Low Sex Drive? Here's a Menopause Makeover

Medically Reviewed by Traci C. Johnson, MD on May 19, 2016
3 min read

You can feel just as sexy after menopause as you did in the decades before. You can have great sex, too. If your sex drive slows, think of it as a speed bump, not a stop sign. Here's a roadmap.

Low sex drive may be the No. 1 sex complaint among midlife women. Though not all women feel it, it's normal if you do.

Don't be shy about sex talk now. Start with a frank doctor visit.

"The causes of low desire in women can be very complex," says Mary Rosser, MD, PhD, an OB/GYN at Montefiore Medical Center in New York. One or more of these issues could be to blame:

  • Age. Out of sync with him? Women are two to three times more likely than men to see desire dip with age. You can feel the effects of menopause 10 years or more before your periods end.
  • Hormone effects. Falling estrogen around the time of menopause drags down desire. Hot flashes, night sweats, and vaginal dryness can also crash sleep, mood -- and romance. If chemotherapy or having your ovaries removed thrusts you into menopause, you may have a harder time. It can cause more intense symptoms than the slower process of natural menopause.
  • Partner problems. Marriage trouble may have put your sex drive in park -- not hormones.
  • Other health troubles. Being depressed can be a leading sex-killer. Others include anxiety, bladder control trouble, chronic illness, and medications.
  • Life stress. "I can’t tell you how many women I see are just too busy with work and home life to be sexy human beings," Rosser says.

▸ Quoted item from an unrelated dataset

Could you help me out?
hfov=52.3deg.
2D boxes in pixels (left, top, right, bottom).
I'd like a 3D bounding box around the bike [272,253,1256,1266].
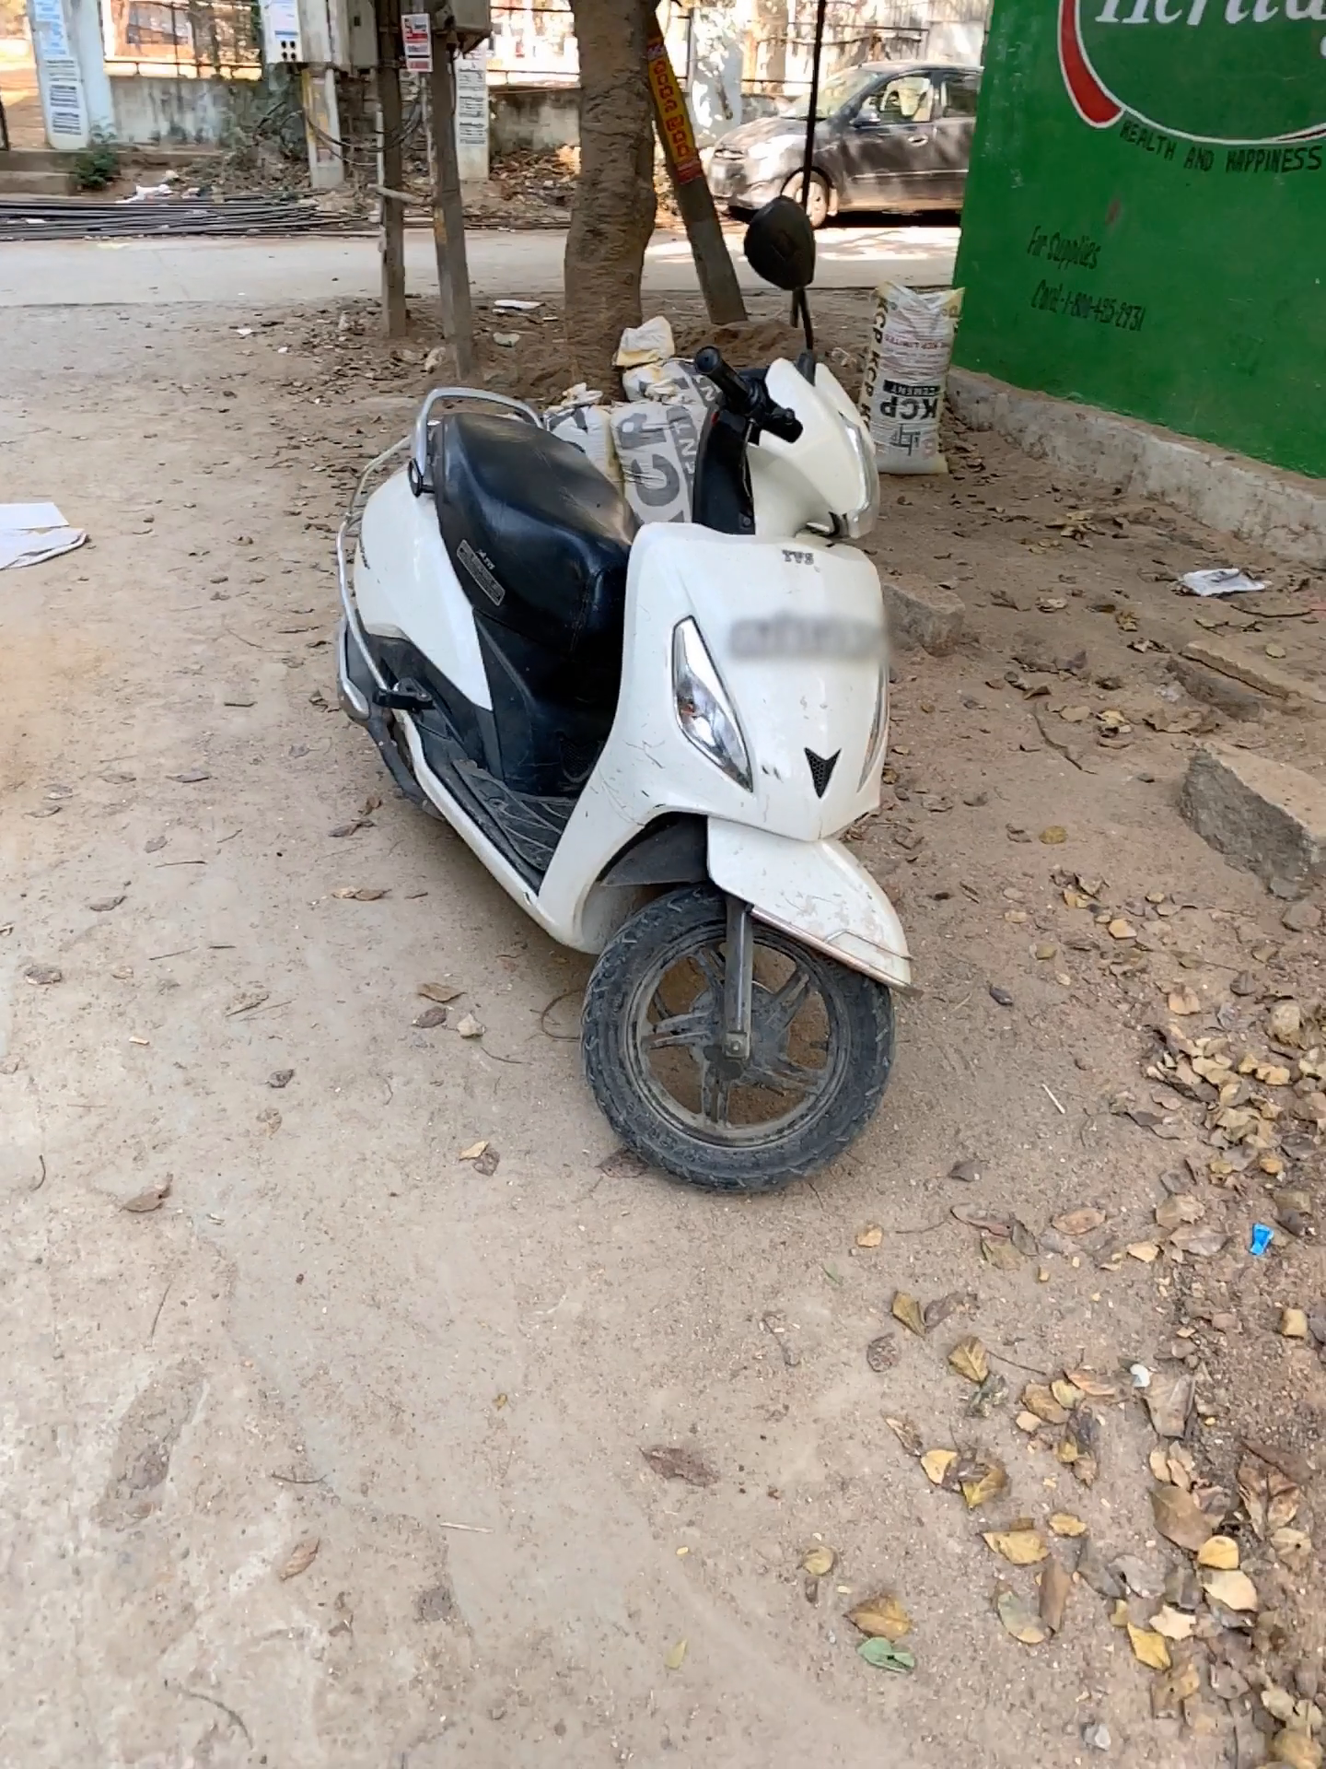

It would be nice if you could pop a Viagra, like men, to pump up your sex drive. But male desire centers on blood flow. In women, it's more complex. What can help:

  • Lubricate. Thinning vaginal tissue causes painful sex and can lead to urinary tract infections. Both can make you avoid sex. Products like KY Jelly and Astroglide add moisture. Shy about buying? Order them online. Or ask your doctor about a medication that makes sex less painful.
  • Try hormones. Your doctor can prescribe estrogen (in a cream, ring, or tablet) to apply in your vagina. This thickens the tissue and helps make sex feel better. If you also have symptoms like hot flashes, an estrogen patch or pills can ease them and may boost desire.
  • Try changing medicines. Some drugs for blood pressure and depression can nuke your sex drive. Ask your doctor about taking a break from a problem drug or switching to one with less sexual side effects.

You may need a mental makeover. Tweaking your approach to sex can make a big difference:

  • Put your pleasure first. If you focus on yourself during sex, you can set the right tempo for you. One study found that older women who were least likely to take the lead about when and how to have sex had the most unhappy partners.
  • Make time for each other. Your instinct may be to avoid romance when you don't feel in the mood. Yet date nights and mini-trips can say "this is key to me" and help reset desire.
  • Bring back foreplay. Your clitoris takes longer to respond with age. Give ample time to cuddle, kiss, or stroke. Just start fooling around, without climax as the goal.
  • Stoke sex organ No. 1, your brain. New things turn us on. Try changing places, positions, toys, and roles. Having more sex makes you want more sex.

Things that happen out of your bed can affect what goes on in it. Try these tips:

  • Talk. Make sure your partner gets that your chill isn't due to how you feel about him, if it's not. He might be confused and feel rejected. Discuss how to make sex better. "Talk about what helps, what you like," says Elizabeth G. Stewart, MD, a gynecologist and author of The V Book.
  • Look in your mirror. Maybe it's your self-image that needs a boost. Lose weight if you need to, or take a fitness class -- steps like these can help you see the great things about your body. Feeling sexy is rooted in feeling good.
  • Reach out. Are you bummed by a new empty nest or feeling "old"? Are you and your partner stuck? Talking to a counselor can shed light on how to power forward.